The Opportunities: California’s entertainment and culinary experiences are very popular with Brazilians; the outdoor and wellness segments are growing; the super affluent have not been affected by the economic crisis and are highly receptive to what’s cool in California.
Marketing Tip: Brazilians use social media more than any other international market; Facebook and Instagram are the two most popular platforms to reach Brazilian travelers.
Even with the Canadian dollar struggling over the past 18 months, 1.6 million Canadians spent over $2 billion in California last year. Ample airlift makes getting to California easy for the state’s neighbors to the north with 5,500 daily nonstop seats.
That said, the current political climate is definitely having an impact on intent to visit the U.S. It’s critical that California conveys a welcoming message and highlights economic value so that Canadians know that not only is their business welcome, but their dollars can go very far here. Multigenerational travel is on the upswing, as is family travel, which was up 5 percent last year.
The Challenges: Unwelcoming perception due to current U.S. administration; value of Canadian dollar declining; and Canadians opting to stay within their borders for country’s 150th birthday.
The Opportunities: Millennial and family travel segments are growing; nature, culture and good food are key interests; the luxury market is ripe with opportunity.

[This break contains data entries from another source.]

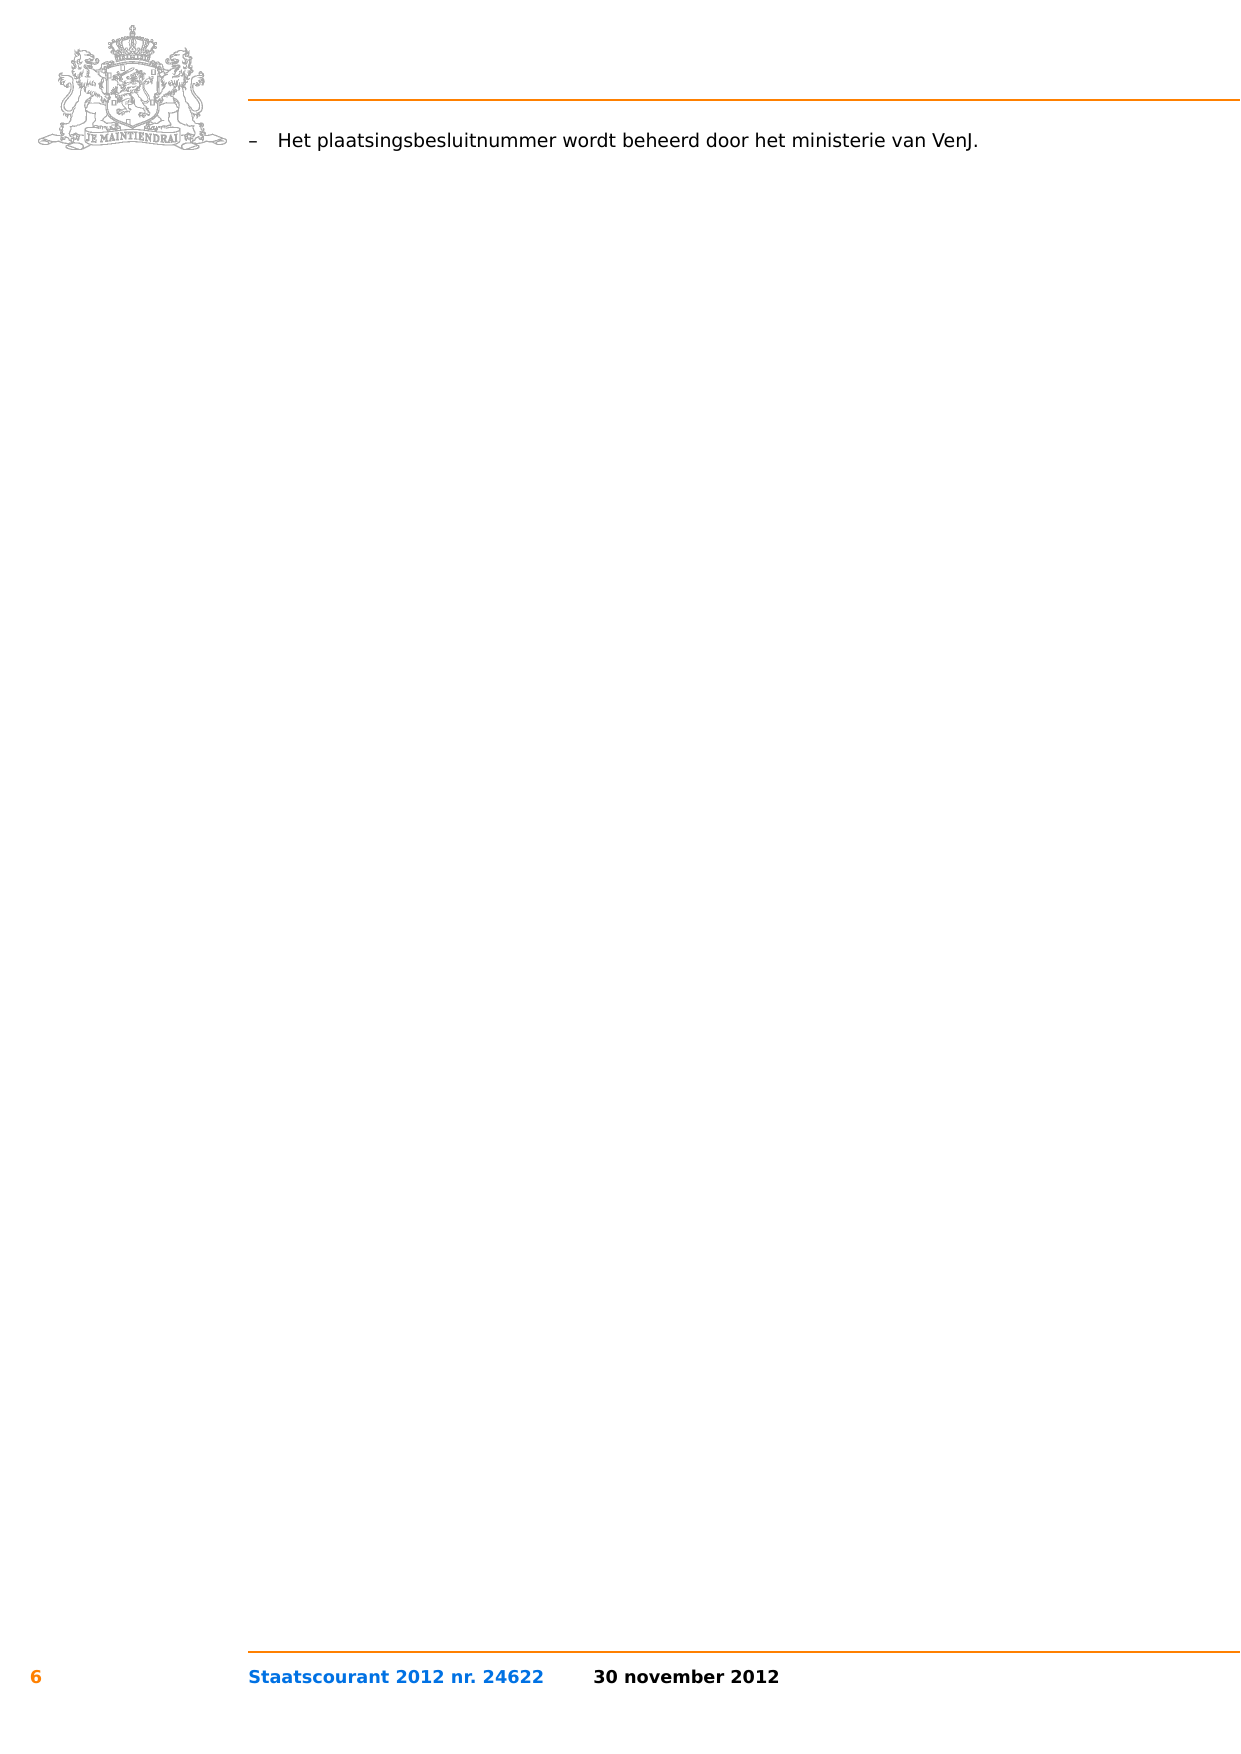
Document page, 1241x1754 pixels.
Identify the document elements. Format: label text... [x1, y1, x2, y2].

text – Het plaatsingsbesluitnummer wordt beheerd door het ministerie van VenJ. [248, 130, 1163, 152]
picture [38, 25, 227, 150]
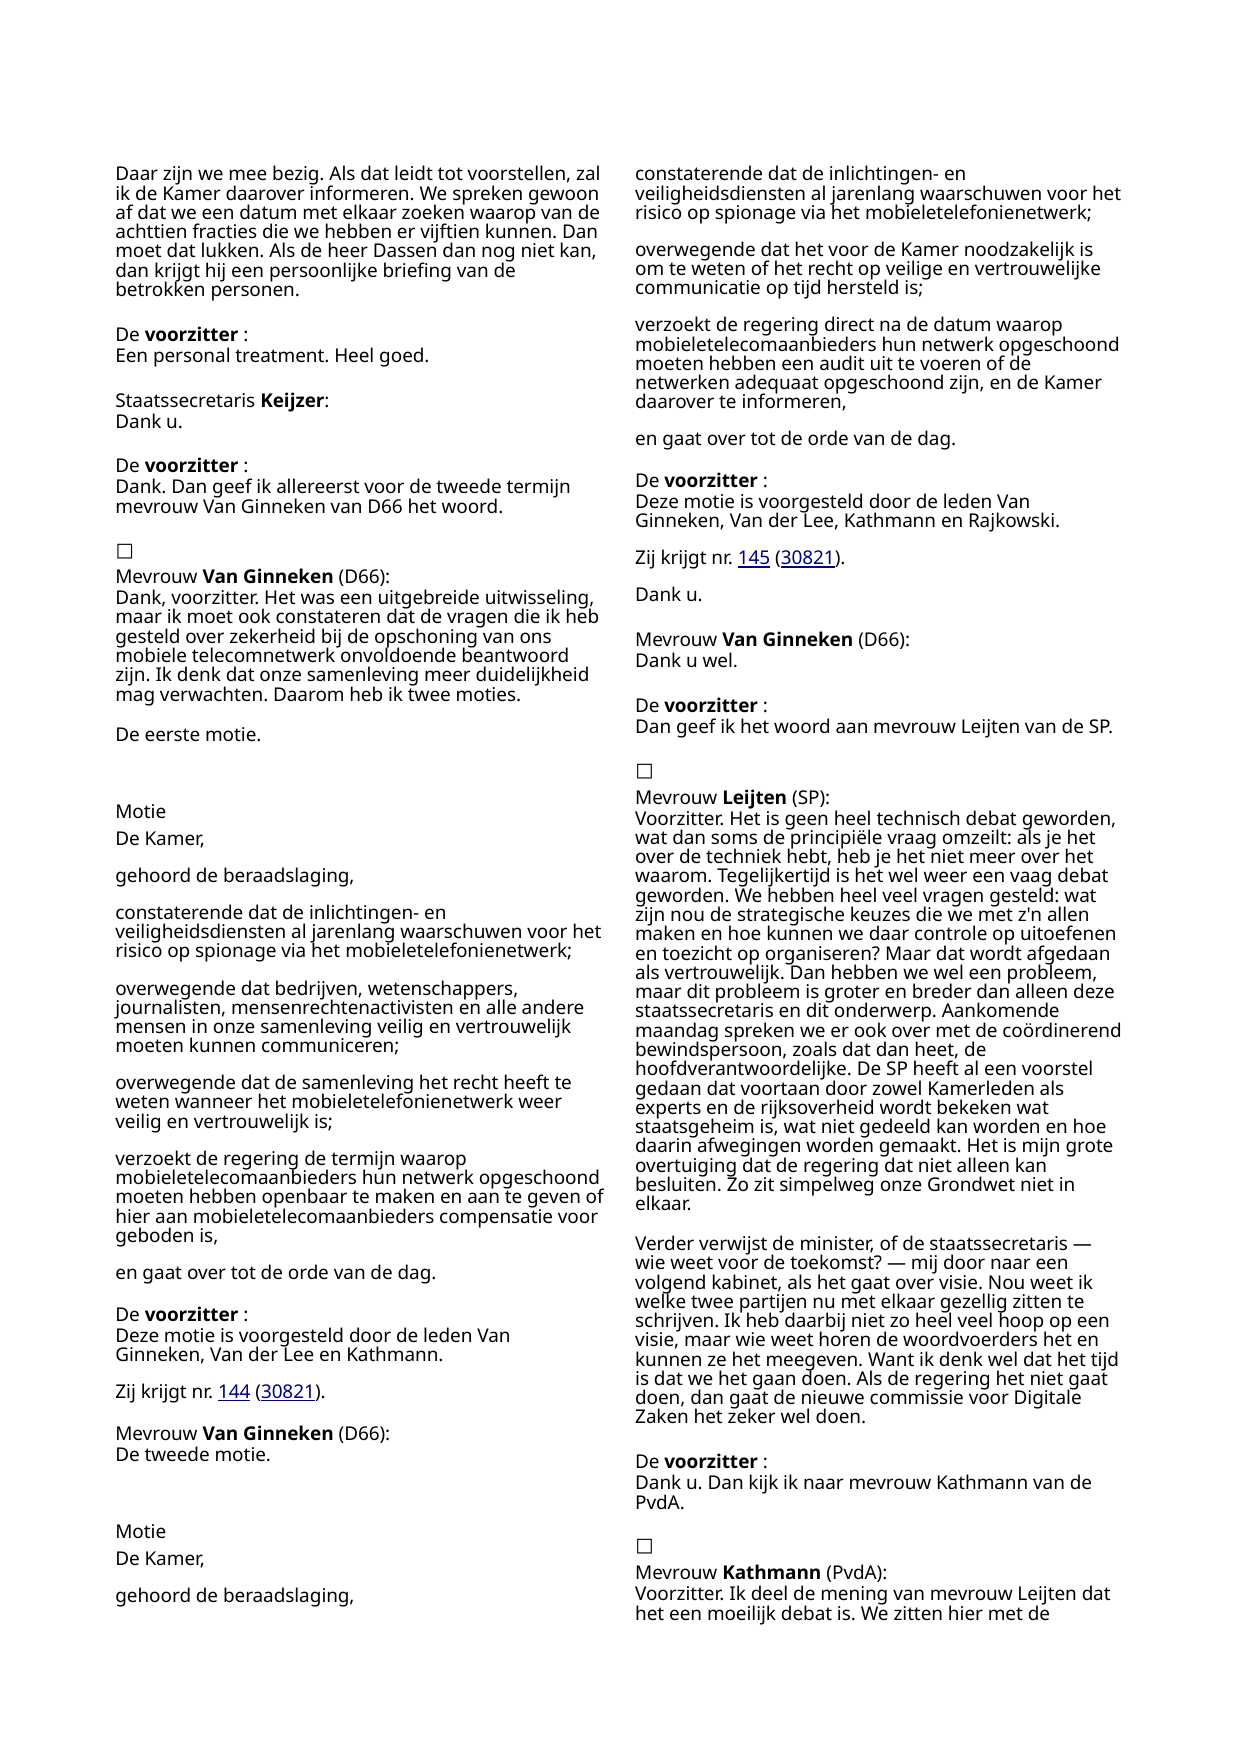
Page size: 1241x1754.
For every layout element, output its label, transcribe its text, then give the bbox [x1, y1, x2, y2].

Marketing Tip: Create a sense of urgency to give Canadian travelers a motivation to visit “right now” to counter the “wait and see” sentiment.
While eight million Mexicans visit California each year, Visit California’s marketing activity is focused specifically on attracting the well-educated, affluent consumers who can afford to travel by air — essentially 13 percent of the 130 million total Mexican population.
Last year, 550,000 Mexican visitors arrived by air, spending $596 million. Notably, a 6.2 percent decline is forecast for this year, and contentious political rhetoric certainly contributed to this drop. That said, Visit California remains optimistic that attention to promoting a welcoming message will help to counter this drop.
Mexicans have more opportunities for long weekend travel, as summer school holiday periods are shortened to just five weeks, and close proximity makes California easily accessible for shorter trips.
The Challenges: The Trump administration’s travel and immigration policies.
The Opportunities: The Cross Border Xpress (CBX) opening a new gateway via the Tijuana border crossing; the Open Skies agreement will bring in new airlift and connections; key motivators will continue to be family fun, shopping and theme parks.
Marketing Tip: Seventy percent of the most desirable business is coming from Mexico City, making it a great place to focus efforts.